Can anyone help? I am looking to come out to Spain for a month or two this summer with a view to moving over permanently next year, and I need accomodation. I will be on my own and my budget is quite tight so does anyone need a lodger for the summer?

I am a web designer so will be working while there on my laptop, but in honesty I am coming out for the sun and a more laid back way of life as I have no ties to keep me here in England at the moment.

I am 27, male, and easy to get along with (I think!). I'm sociable and like a quiet drink in the evenings if not but I wouldn't be clubbing and coming home at all hours every night. I'm not fussed about which part of Spain or Majorca I move to - ideally I would like to be within walking distance of a beach and I'd like to be somewhere with a decent sized Expat community or at least UK tourists, but the only real stipulation is that I need to be somewhere with internet access so that I can work for a few hours a day.

I also wouldn't mind who I stayed with...young, mature (won't say old as don't want to offend!), with or without kids or pets, couples or singles...I'm easy going as you can probably tell.

If anyone fancies having a lodger or knows of anywhere that might be suitable I'd appreciate a reply or PM. If not then thanks for reading this far anyway 

Paul


----------



## scharlack (Nov 21, 2008)

Watford82 said:


> Hi,
> 
> Can anyone help? I am looking to come out to Spain for a month or two this summer with a view to moving over permanently next year, and I need accomodation. I will be on my own and my budget is quite tight so does anyone need a lodger for the summer?
> 
> ...


Hey Paul,

In case nobody is able to help you here I suggest you look at this website:

CouchSurfing - Participate in Creating a Better World, One Couch At A Time

G'luck!


----------



## Guest (Jun 3, 2010)

Hmmm..

Which month(s)?
How tight is your budget?
..and out of interest do you have a link to any of your work?


----------



## MaidenScotland (Jun 6, 2009)

Why not be a male aupair? You will be treated like one of the family, do a few hours work a day get fed and also receive pocket money. Or offer to teach English in exchange for a room.

Maiden


----------



## Guest (Jun 3, 2010)

Thanks for the replies guys. 

I'm working on a couple of sites at the moment, when they're finished I'll post up the links.

I'm not sure I'd like the responsibility of looking after other peoples kids as I don't have any kind of formal qualifications for that sort of thing. I'd be happy to help out where I could if I stayed with someone with kids but I don't think I'd want it to be a specific part of the arrangement.

With regards to budget, I'm happy to pay whatever the going rate is for renting a room. Does anyone have any ideas what that might be for their regions? 

Thanks everyone.


----------



## Guest (Jun 3, 2010)

What months are you thinking of?
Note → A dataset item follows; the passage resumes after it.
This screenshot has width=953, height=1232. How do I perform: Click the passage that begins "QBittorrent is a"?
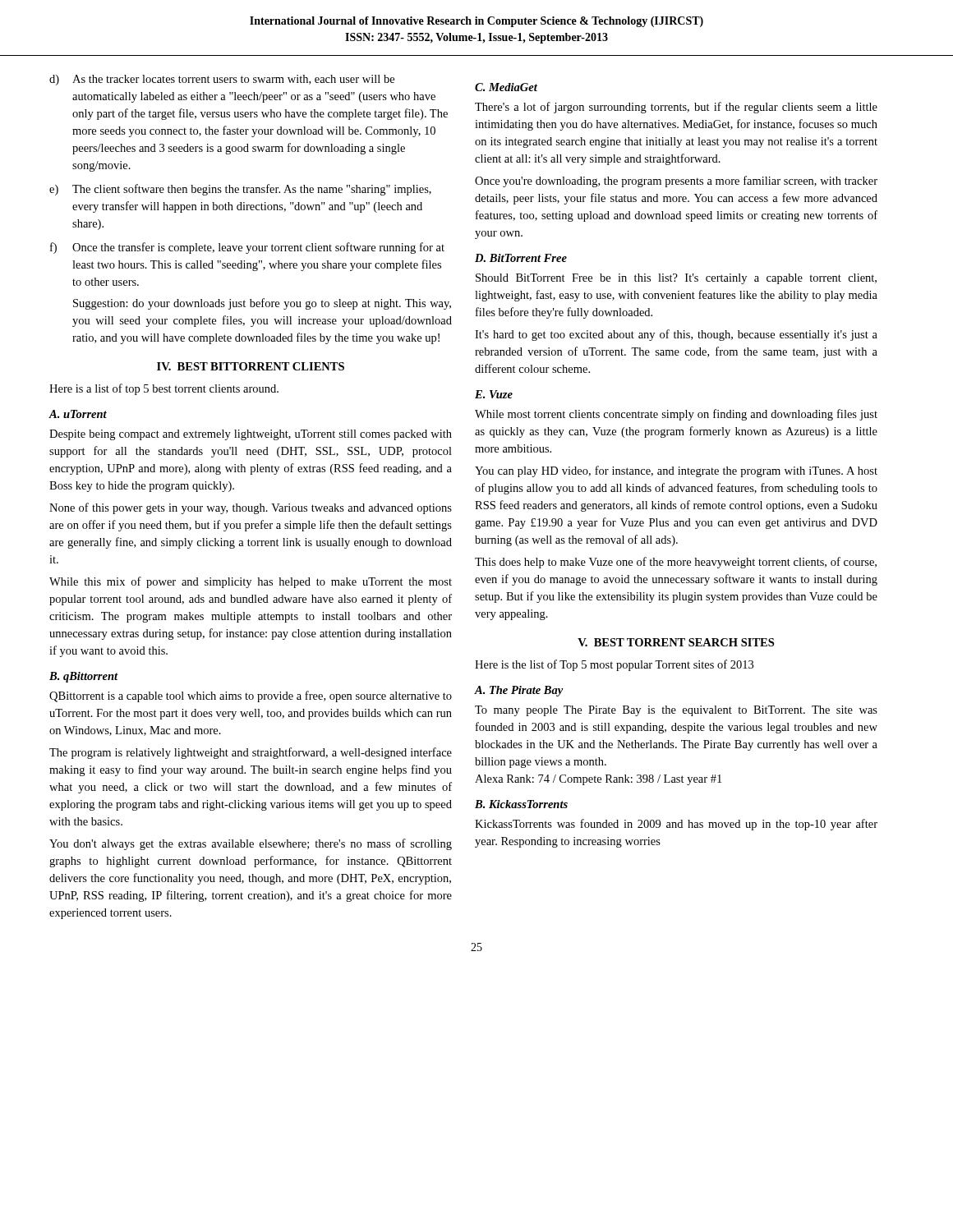click(251, 713)

Bear in mind that to rent anywhere in the summer would make you a tourist and so you should be in the region of €400+ a week for anything. Long term room rental around here is (well was) about 400€ a month (all inc) but that is generally assuming you'd be there for a year so I'm not really sure how it would work out for just a month or two.


----------



## Guest (Jun 3, 2010)

Oops sorry forgot to say which months - was thinking of coming out at the end of June and staying until around the start of September, so probably between 8-10 weeks.

I know these are the most popular months so it's going to push the cost up a little bit..to be honest I guess I'm hoping that someone that has a spare room and maybe hasn't thought of renting it out before will read this and think it's a good idea to make some extra cash, but not charge too much 

Whereabouts are you based Andy?


----------



## Guest (Jun 3, 2010)

Sorry ignore that - just seen you're in Marbella.

Can you tell I'm new to the forum!?


----------



## Guest (Jun 3, 2010)

Drop me an email, we fit into the "hasn't thought of renting it out before will read this and think it's a good idea to make some extra cash" camp! There's just two of us and we're in a 3bed apartment in a great location right in the heart of Marbella Town so can walk (stagger back) everywhere (5mins to beach, 10mins to Old Town, 45mins Banus) and have a 15mb ADSL connection and could also do with some css help


----------



## Guest (Jun 3, 2010)

I need a handy man ! you any good at mending things, painting, maintenance of pool, heavier garden work, driving, do you speak spanish ? 


Oh dear I am not that near the beach bugga nor a n decent sized ex pat community !  hope you find somewhere and enjoy the summer.


----------



## Guest (Jun 3, 2010)

Oh yeah forgot about the expats... sod all of them in central marbella but could easily catch a bus to Calahonda/Neuva Andalucia to mix with the lager louts/football shirts


----------



## Cazzy (Nov 23, 2008)

Shame we are Inland, we have a spare room as we have stopped doing our B&B!!!


----------